Introduction: “Hand-off” is used to describe the transfer of patients’ care from one physician to another while transitioning between call shifts. In neurosurgery, the complexity and rapid course of deterioration for variation pathologies leads to a significant dependence on thorough and efficient hand-off techniques. However, a lack of standardization leads to incomplete continuity of care. The goal of this review is to summarize the pre-existing research conducted on hand-off practices across residency programs in the United States, and highlight the commonalities that constitute optimal hand-offs in neurosurgery.
Methods: A systematic search strategy was implemented using Pubmed, Scopus, and Web of Science to query articles related to patient hand-off protocols in neurosurgery. Prior reviews or articles that didn’t fully describe their process were excluded. The hand-off practices and results of the remaining articles are covered in this paper.
Results: Eleven articles were included at the end of the screening process. It was reported that patients requiring a hand-off during their hospital stay, on average, stayed 2 days longer than those that didn’t. While one study addressed follow-up time between hand-offs and seeing the patient, a larger focus was on increasing standardization of hand-offs and documentation (9/11), formal training and supervision by seniors (3/11), and eliminating distractions during hand-offs and protected time (2/11). These practices were found to reduce hand-off times and the number of adverse events following hand-offs.

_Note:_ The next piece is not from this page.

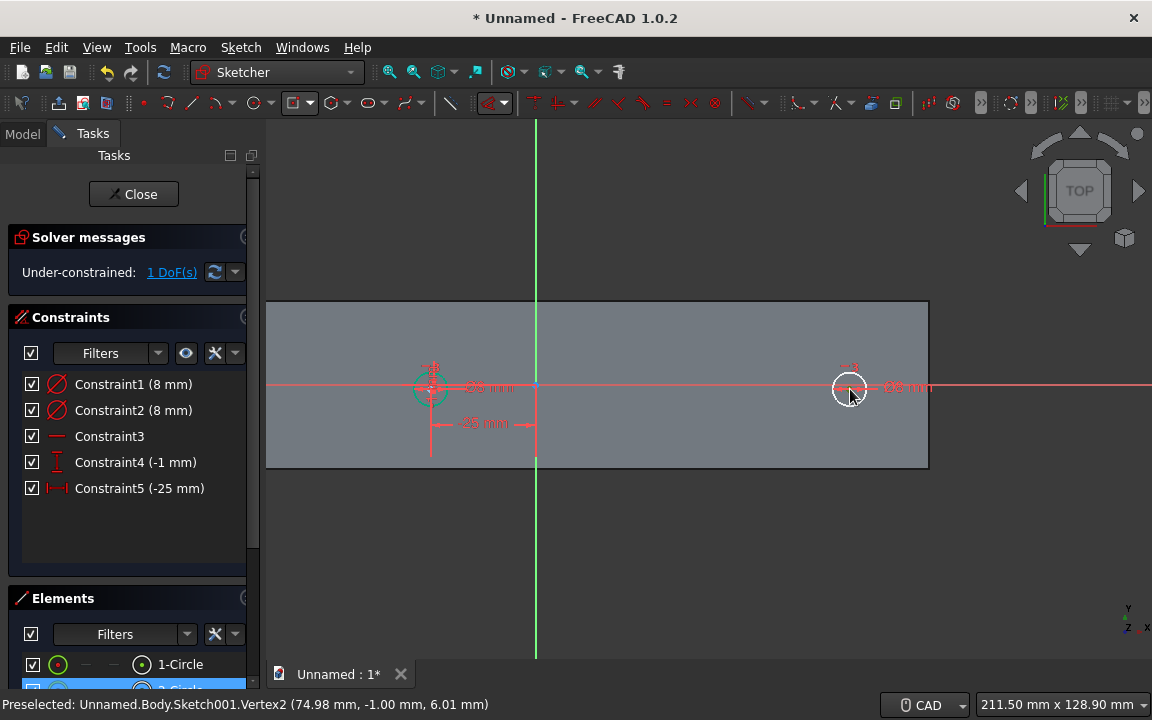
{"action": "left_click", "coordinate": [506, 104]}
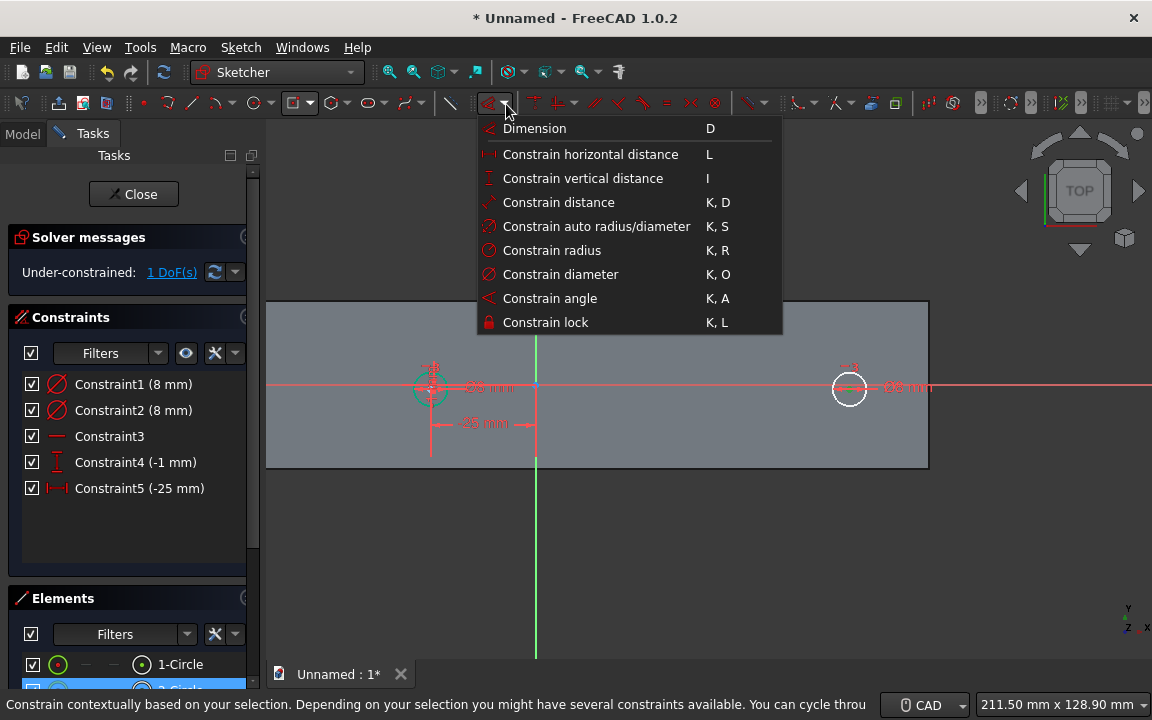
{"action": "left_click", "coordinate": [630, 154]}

Conclusion : The most addressed concerns with neurosurgical hand-offs revolved around standardization, observation, and dedicated time. The findings in this review hold important implications for the future of clinical practice and training in the niche topic of neurosurgical hand-off practices, and highlights the need for continued research to address any existing gaps within these practices to ensure the quality, safety, and continuity of patient care during transfers of service.